Trouw (daily), Netherlands, 21 January 2007

Large dams have dramatic consequences. Ecosystems are destroyed and numerous people are made homeless, often without adequate resettlement. But it is yet little known that large-scale hydro-electricity is a major contributor to global warming. The reservoirs could, despite their clean image, be even more devastating for our climate than fossil fuel plants.

 

narmada mapA few years ago, I spent a month in the valley of the Narmada River, to support tribal activists who have been resisting the Sardar Sarovar dam in central India for decades. These indigenous inhabitants, or adivasis, are desperate. In their struggle, inspired by Gandhi, they attempt to drown themselves when their villages are flooded. Death seems preferable to being forced to move from their valley to tin houses on infertile, barren soil. If they’re lucky, they can live on land that nobody else wants, the only available in the densely populated India. This forced resettlement, made necessary by ´progress´, is not unsimilar to what befell American Indians or the Aborigines in Australia. The consequences of mega hydro: cultures die and alcoholism, depression and violence remains.

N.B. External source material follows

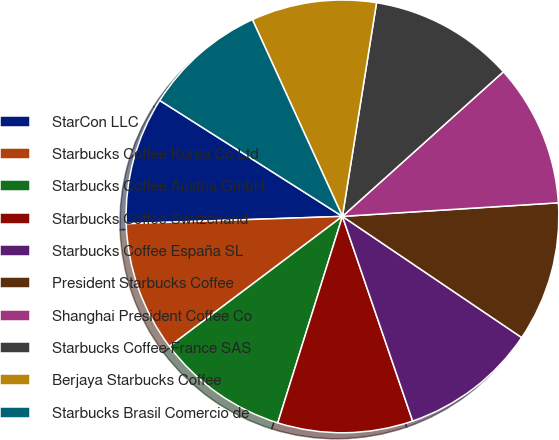Convert chart. <chart><loc_0><loc_0><loc_500><loc_500><pie_chart><fcel>StarCon LLC<fcel>Starbucks Coffee Korea Co Ltd<fcel>Starbucks Coffee Austria GmbH<fcel>Starbucks Coffee Switzerland<fcel>Starbucks Coffee España SL<fcel>President Starbucks Coffee<fcel>Shanghai President Coffee Co<fcel>Starbucks Coffee France SAS<fcel>Berjaya Starbucks Coffee<fcel>Starbucks Brasil Comercio de<nl><fcel>9.54%<fcel>9.72%<fcel>9.91%<fcel>10.09%<fcel>10.28%<fcel>10.46%<fcel>10.65%<fcel>10.83%<fcel>9.35%<fcel>9.17%<nl></chart> 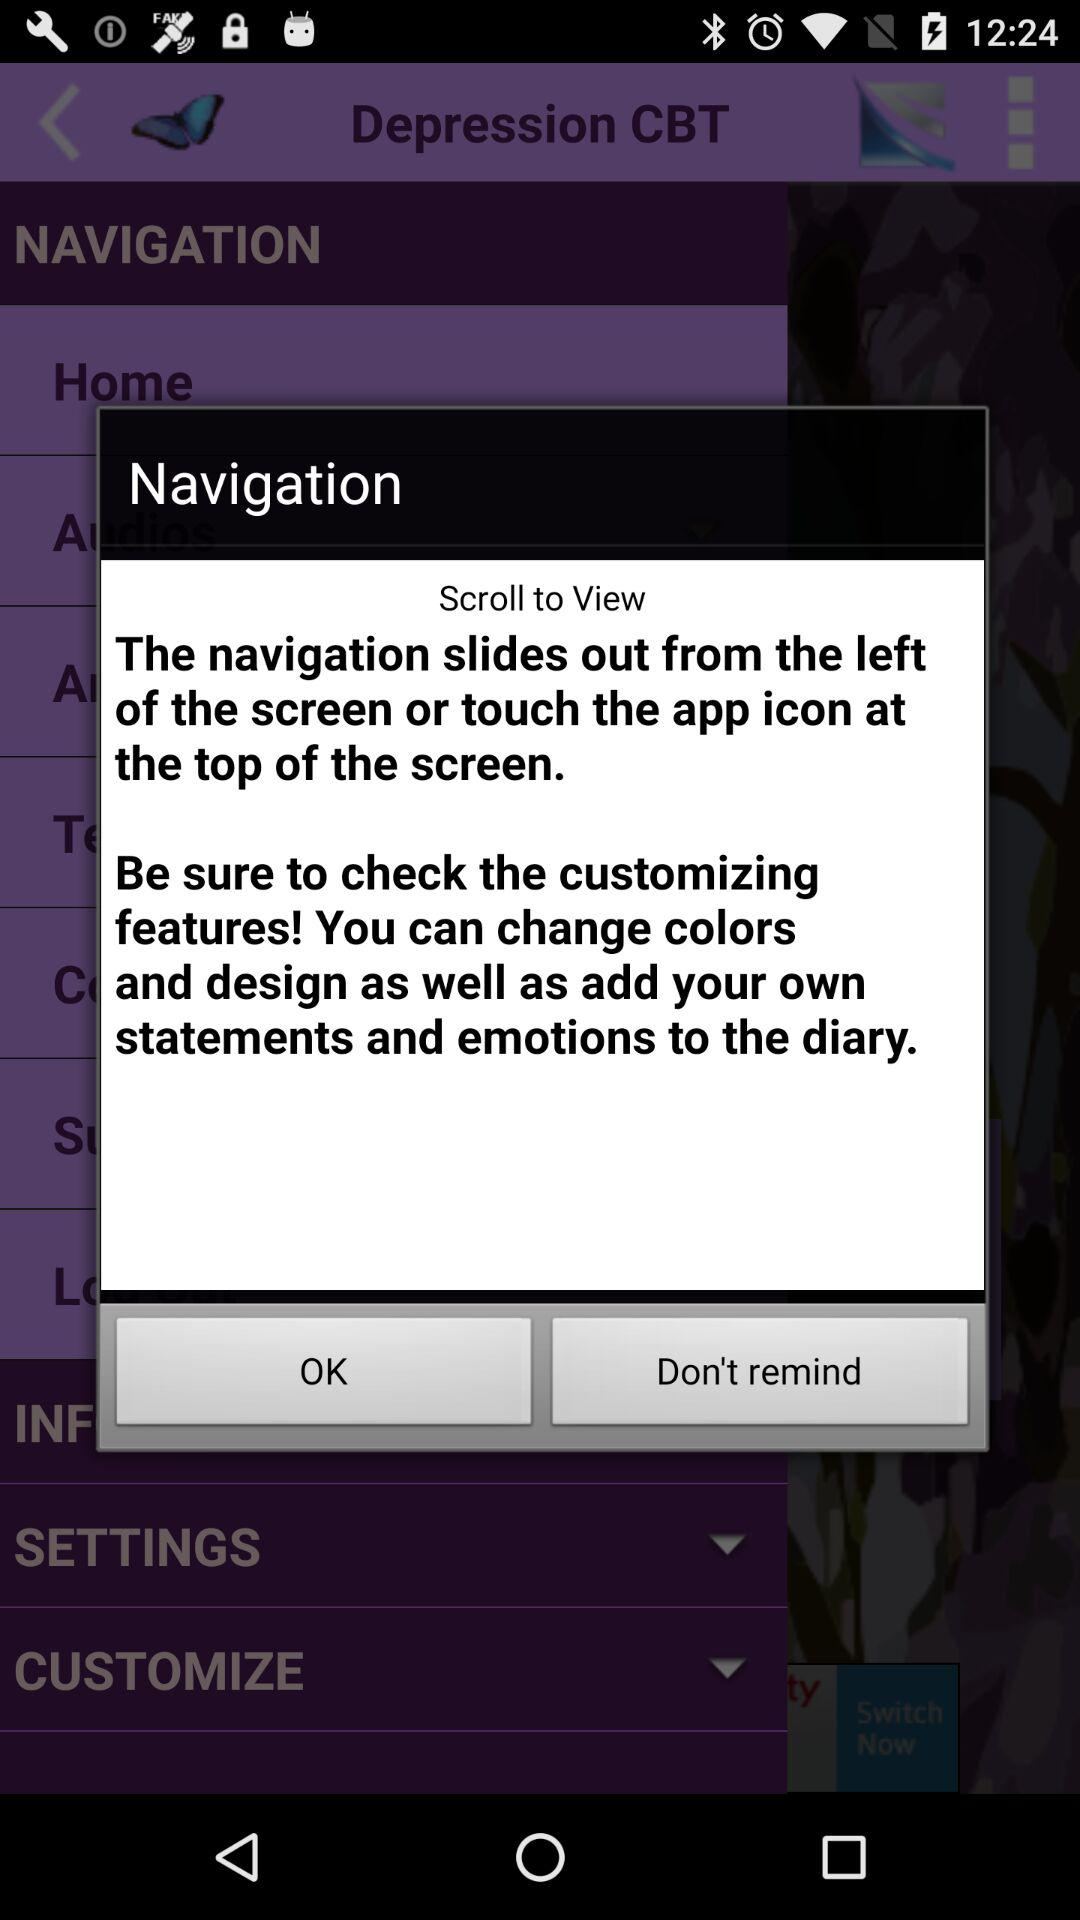How do I navigate? You can use the navigation slides to the left of the screen or touch the app icon at the top of the screen to navigate.

Another dramatic example is the uprooting of the Chakma in Bangladesh by the Kaptai dam. 40,000 Chakma fled to India, but were not given a legal status. Ensuing violent conflicts around land have led to a brutal end of 10,000 lives.

Mega hydro has an atrocious record. The World Commission on Dams (WCD), consisting of experts, opposition and industry, was installed to produce an independent review of large dams. The WCD estimated in 2000 that 40 to 80 million people have been displaced worldwide. A more recent report by the University of Yale estimates that in India alone, large dams have forced 21 to 40 million people to move. The majority was built for irrigation, but the irrigated agricultural acreage increased by a mere 1%. The World Bank states that more than half of the large hydro projects do not meet their economic targets. Considerable cost overruns are common and have added a considerable burden to the national debt of several developing countries, particularly in South America.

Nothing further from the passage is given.